[Recorded data]
◆ ◆ ◆ ◆

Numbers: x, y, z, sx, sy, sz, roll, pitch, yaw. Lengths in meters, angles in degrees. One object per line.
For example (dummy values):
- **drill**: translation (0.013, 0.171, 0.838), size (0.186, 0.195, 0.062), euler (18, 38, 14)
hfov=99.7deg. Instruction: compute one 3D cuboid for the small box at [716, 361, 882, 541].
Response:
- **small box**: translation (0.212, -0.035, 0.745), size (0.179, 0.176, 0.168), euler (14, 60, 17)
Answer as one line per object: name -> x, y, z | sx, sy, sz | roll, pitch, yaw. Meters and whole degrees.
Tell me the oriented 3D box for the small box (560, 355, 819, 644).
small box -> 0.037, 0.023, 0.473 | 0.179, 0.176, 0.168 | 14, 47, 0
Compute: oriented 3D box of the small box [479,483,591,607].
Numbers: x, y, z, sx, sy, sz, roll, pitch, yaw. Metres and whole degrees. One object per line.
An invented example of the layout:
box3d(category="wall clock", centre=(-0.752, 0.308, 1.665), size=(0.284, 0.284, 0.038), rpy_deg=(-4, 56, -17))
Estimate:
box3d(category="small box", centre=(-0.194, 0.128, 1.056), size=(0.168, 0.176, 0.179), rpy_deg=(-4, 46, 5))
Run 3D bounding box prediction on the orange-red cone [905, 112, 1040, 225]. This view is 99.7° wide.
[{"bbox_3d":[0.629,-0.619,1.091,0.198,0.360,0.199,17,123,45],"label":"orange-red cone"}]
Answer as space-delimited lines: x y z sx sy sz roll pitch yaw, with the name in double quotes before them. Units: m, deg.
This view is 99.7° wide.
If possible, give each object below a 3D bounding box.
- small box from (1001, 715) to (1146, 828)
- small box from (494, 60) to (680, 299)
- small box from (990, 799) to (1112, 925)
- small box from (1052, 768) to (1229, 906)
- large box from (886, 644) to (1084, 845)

◆ ◆ ◆ ◆

*Task to carry out*
Total the lines of the data that include the word "pitch", and give that total as the sole response.

*Answer box*
4